Not coming for giveaways
What is often misstated about immigrants is that they come to America precisely to latch onto government giveaways, advocates say.
"Most people who come here want to work," said Kathy Fisher, policy director at the Greater Philadelphia Coalition Against Hunger and a SNAP expert. "And there already very strict requirements for those who receive benefits."
Even people with green cards cannot begin to receive SNAP benefits until they've been in the U.S. for five years, Fisher said. "The door to America is not wide open for people to grab benefits," she added.
Fisher said she was unaware of any statistics that describe the number of legal immigrants who use SNAP benefits.
Immigrants fear applying for help
Immigrants have been denying themselves benefits long before the new Trump rule was declared.

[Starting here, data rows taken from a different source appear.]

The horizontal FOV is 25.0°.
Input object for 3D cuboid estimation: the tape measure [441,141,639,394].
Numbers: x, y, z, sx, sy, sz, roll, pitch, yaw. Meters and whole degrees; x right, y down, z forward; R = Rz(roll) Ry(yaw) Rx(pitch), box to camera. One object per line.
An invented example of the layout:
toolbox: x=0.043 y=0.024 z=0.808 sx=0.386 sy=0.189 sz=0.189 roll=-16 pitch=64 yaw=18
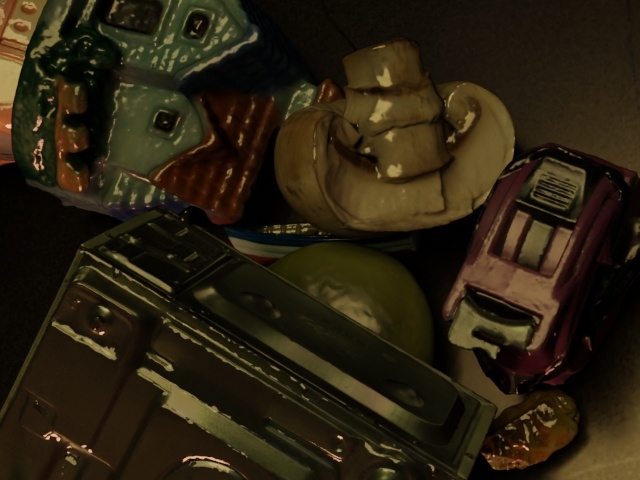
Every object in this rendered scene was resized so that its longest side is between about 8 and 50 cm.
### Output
tape measure: x=0.227 y=0.033 z=1.403 sx=0.149 sy=0.231 sz=0.245 roll=22 pitch=83 yaw=25

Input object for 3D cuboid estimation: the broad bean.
broad bean: x=-0.010 y=0.133 z=1.529 sx=0.291 sy=0.119 sz=0.238 roll=-41 pitch=65 yaw=6

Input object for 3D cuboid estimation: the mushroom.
mushroom: x=0.058 y=-0.107 z=1.530 sx=0.189 sy=0.253 sz=0.195 roll=-3 pitch=101 yaw=60

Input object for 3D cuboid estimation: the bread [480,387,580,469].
bread: x=0.211 y=0.193 z=1.454 sx=0.110 sy=0.060 sz=0.066 roll=-32 pitch=33 yaw=8

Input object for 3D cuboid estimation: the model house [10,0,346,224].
model house: x=-0.137 y=-0.148 z=1.624 sx=0.329 sy=0.252 sz=0.295 roll=19 pitch=80 yaw=21

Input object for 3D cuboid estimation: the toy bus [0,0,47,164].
toy bus: x=-0.371 y=-0.219 z=1.779 sx=0.232 sy=0.194 sz=0.288 roll=14 pitch=77 yaw=13

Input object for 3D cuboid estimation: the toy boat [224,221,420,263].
toy boat: x=0.000 y=0.000 z=1.607 sx=0.228 sy=0.080 sz=0.046 roll=-3 pitch=106 yaw=20

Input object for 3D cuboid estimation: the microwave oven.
microwave oven: x=-0.088 y=0.208 z=1.354 sx=0.394 sy=0.247 sz=0.333 roll=30 pitch=109 yaw=7

Low-income immigrant mothers are skipping the chance to get nutritious foods and help for their infants from the federal WIC program because they fear deportation, or the loss of their children, according to the agencies that distribute those benefits. WIC refers to the Special Supplemental Nutrition Program for Women, Infants and Children.
And immigrant families are even staying away from food pantries because they're afraid they'll be detained, said Adele LaTourette, director of Hunger Free New Jersey, headquartered in Englewood.
"The level of fear has risen so dramatically, the chilling effect is people just don't feel safe enough to enter an emergency pantry," she said.
It may not be a well-founded worry, because no one is officially keeping track of individuals in pantries, said Patrick Druhan, director of Montgomery Hunger Solutions for Share Food Network. Share provides food to pantries in the region.
But the new rule will only serve to keep more families from accessing food they need, LaTourette said.
"Hunger will be increasing because of this rule," she added. "It's undeniable. It's inevitable."